Overview

The overall project for this course is to learn more about using data to make important educational decisions. You’ll read articles on using data for decision making. For the final project you’ll be investigating an area of ‘need’ in your school, where collecting data and presenting it can provide guidance to solve the problem.



Most students use Excel to create a data collection / presentation tool. I’ve created several tutorials on how to use the basic / advanced features within excel. We’ll begin the class with the readings and Excel tools. You’ll have to determine the area you’re going to investigate / collect data with the new tool you’re going to build. There is a ‘benchmark assignment’ document (resource section) that will provide you with an overview of the final project. I’ve also included a link to Cindy’s final project for you to look over and get an idea what I’m looking for.

Let me know if you have questions. When you’re ready to begin, shoot me an email giving me a heads up.



Randy

Friday, July 22, 2011

TIE533 Benchmark Overview

To fulfill the requirements of this course, students must complete a four-part project.
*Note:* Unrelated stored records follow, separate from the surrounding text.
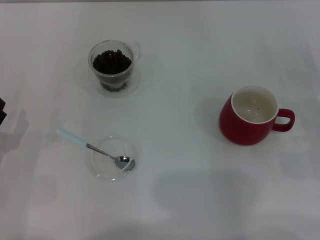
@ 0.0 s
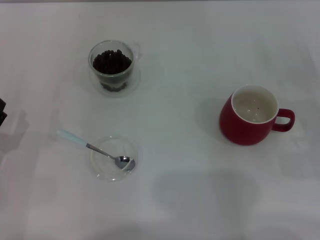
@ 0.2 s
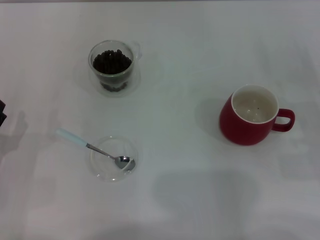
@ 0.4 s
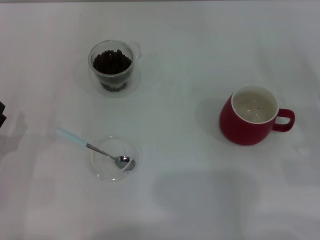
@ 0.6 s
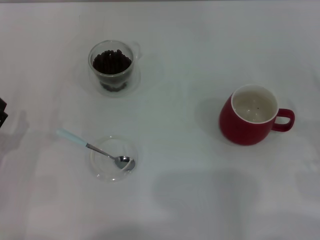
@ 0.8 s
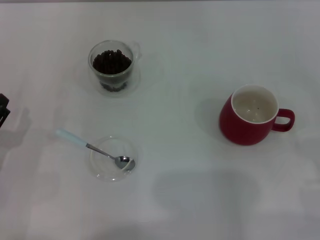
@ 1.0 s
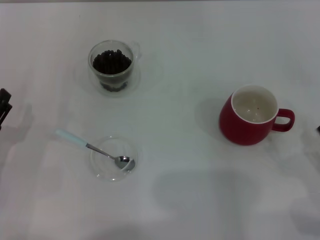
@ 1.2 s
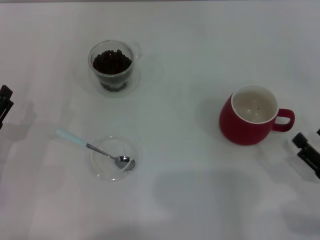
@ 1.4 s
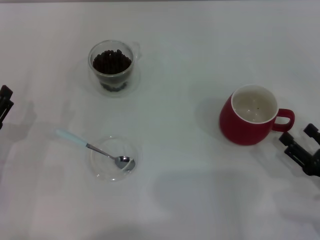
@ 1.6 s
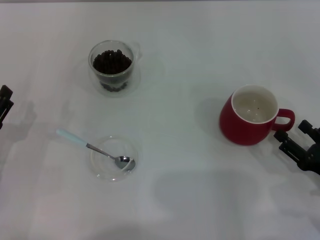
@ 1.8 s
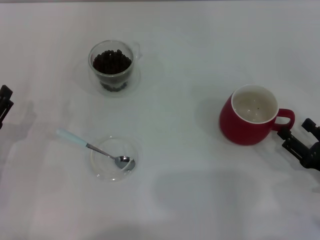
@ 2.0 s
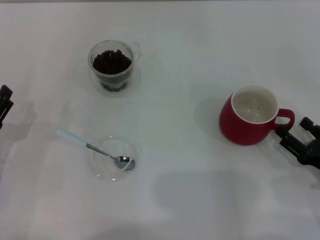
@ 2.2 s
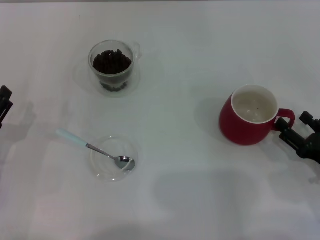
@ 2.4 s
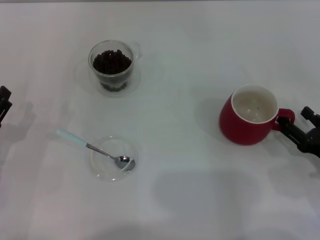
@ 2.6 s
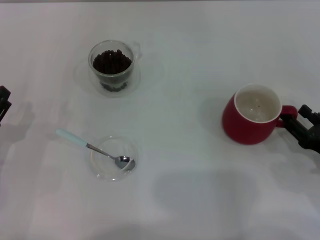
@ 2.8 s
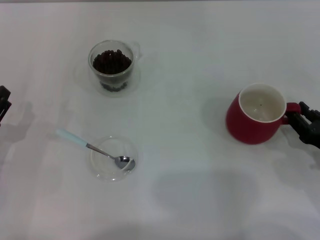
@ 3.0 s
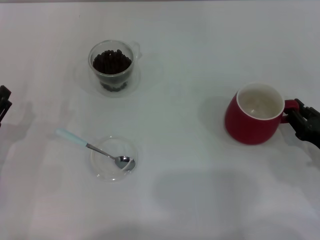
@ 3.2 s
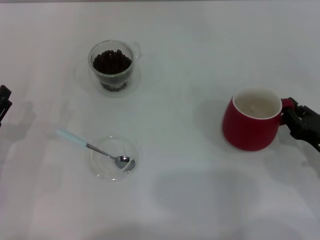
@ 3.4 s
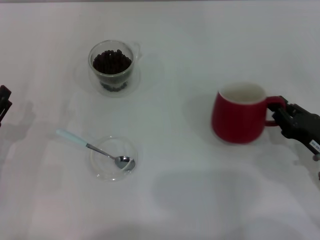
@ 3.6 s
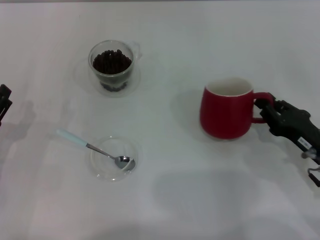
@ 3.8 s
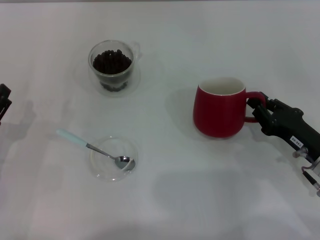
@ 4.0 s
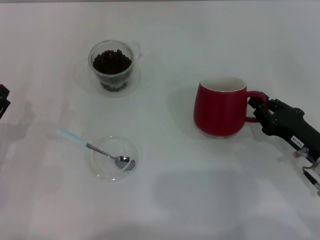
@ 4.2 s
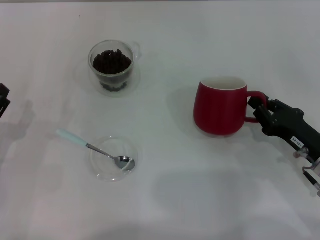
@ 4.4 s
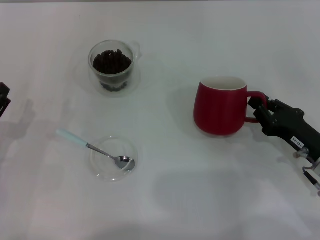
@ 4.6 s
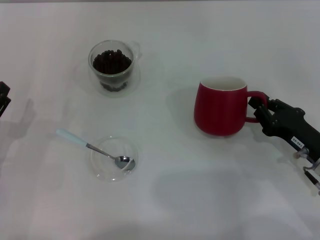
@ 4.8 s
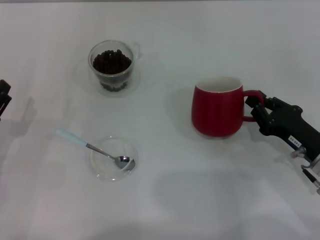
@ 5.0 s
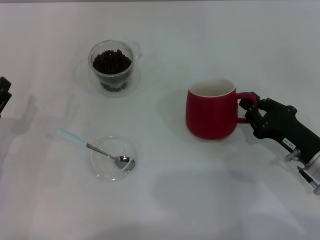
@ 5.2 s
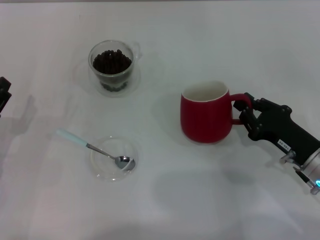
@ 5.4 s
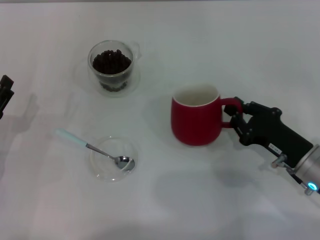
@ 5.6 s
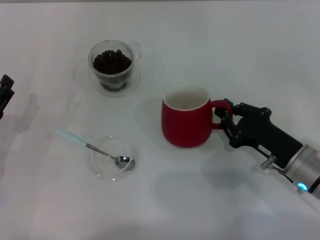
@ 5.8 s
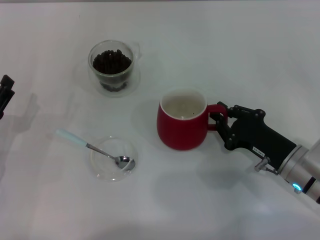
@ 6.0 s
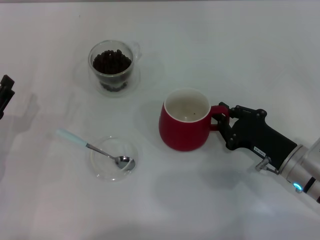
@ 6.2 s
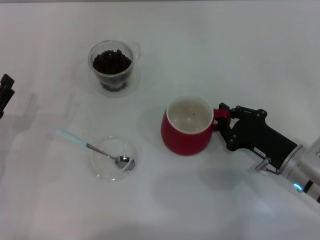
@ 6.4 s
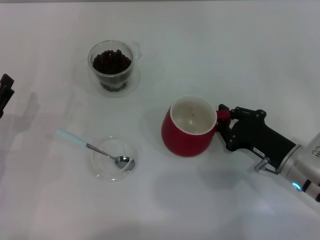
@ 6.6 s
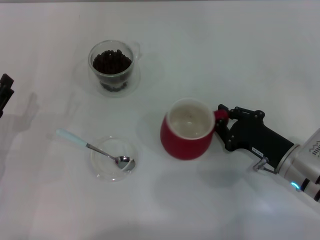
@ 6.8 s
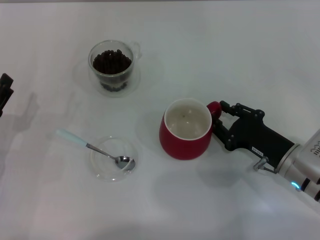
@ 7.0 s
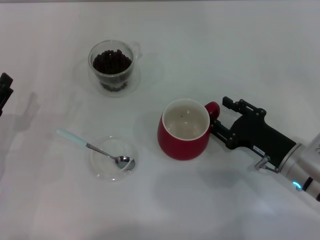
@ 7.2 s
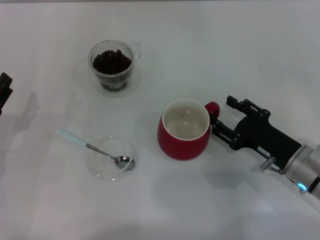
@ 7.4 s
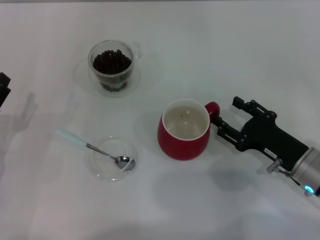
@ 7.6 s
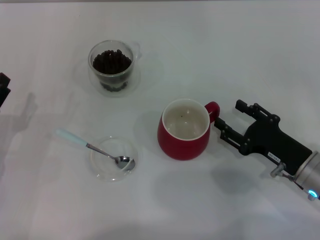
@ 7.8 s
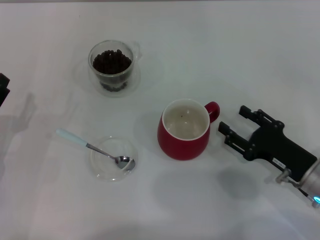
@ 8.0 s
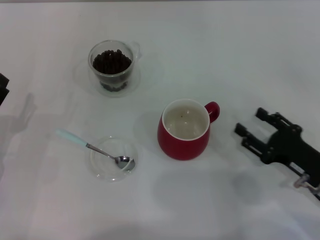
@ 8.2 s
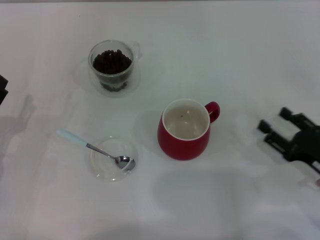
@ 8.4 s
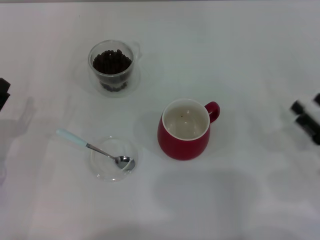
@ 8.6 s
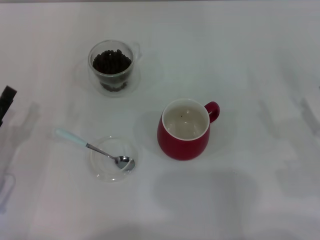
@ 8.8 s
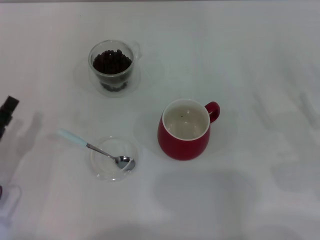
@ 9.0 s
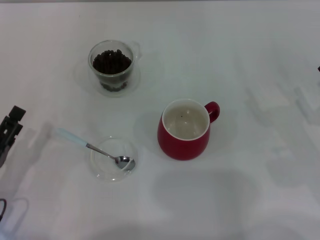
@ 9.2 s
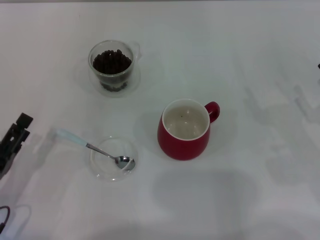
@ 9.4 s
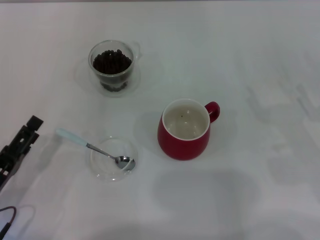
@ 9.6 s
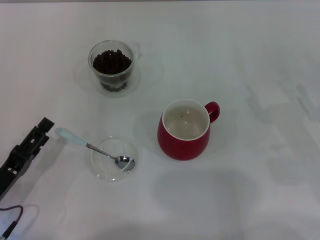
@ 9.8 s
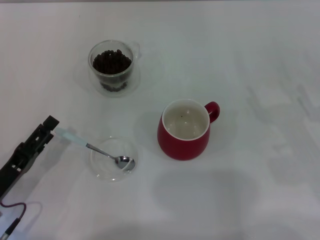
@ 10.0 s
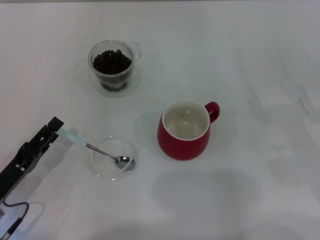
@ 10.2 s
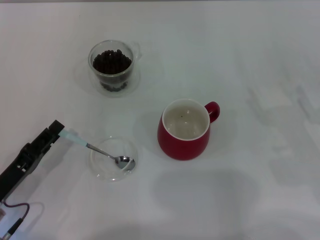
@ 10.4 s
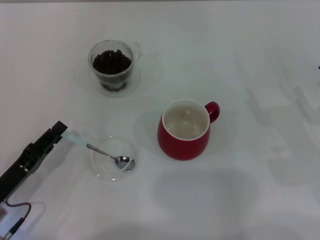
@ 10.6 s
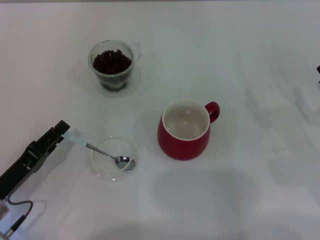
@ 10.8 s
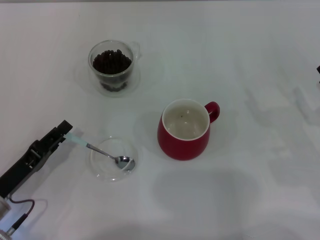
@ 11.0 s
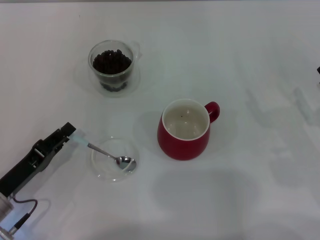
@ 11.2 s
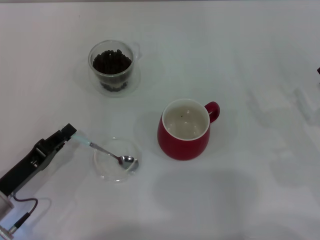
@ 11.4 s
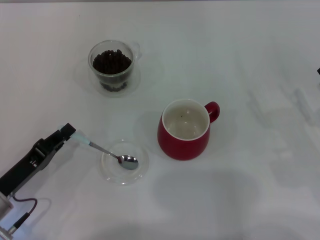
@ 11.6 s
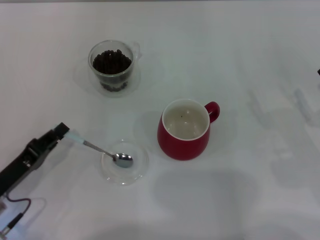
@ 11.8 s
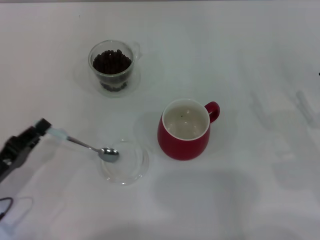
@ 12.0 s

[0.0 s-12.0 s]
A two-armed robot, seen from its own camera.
Task of the whole recording: Use a blue spoon to take out the coffee beans from the glass and pour them into the red cup.
Step, 8.2 to 12.0 s: Pick up the spoon with the right gripper.
0.0 to 1.6 s: The right gripper shifts some 5 cm backward.
1.6 to 3.0 s: The grippers make only small movements.
3.0 to 4.4 s: The right gripper shifts by approximately 5 cm, and closes its fingers.
6.0 to 7.6 s: The right gripper opens.
7.6 to 9.0 s: The right gripper goes some 10 cm to the right.
9.0 to 10.4 s: The grippers make only small movements.
10.4 to 12.0 s: The left gripper closes.

The four parts are:

  1. Investigate and summarize the practices and procedures your school district employs for student assessment data including collection, analysis, and use.

  2. Develop and document a tool (see detail below), built with advanced features of productivity applications, that provides some decision-making support related to instructional planning or practice.

  3. Develop and deliver a presentation to your peers describing the tool and its applications.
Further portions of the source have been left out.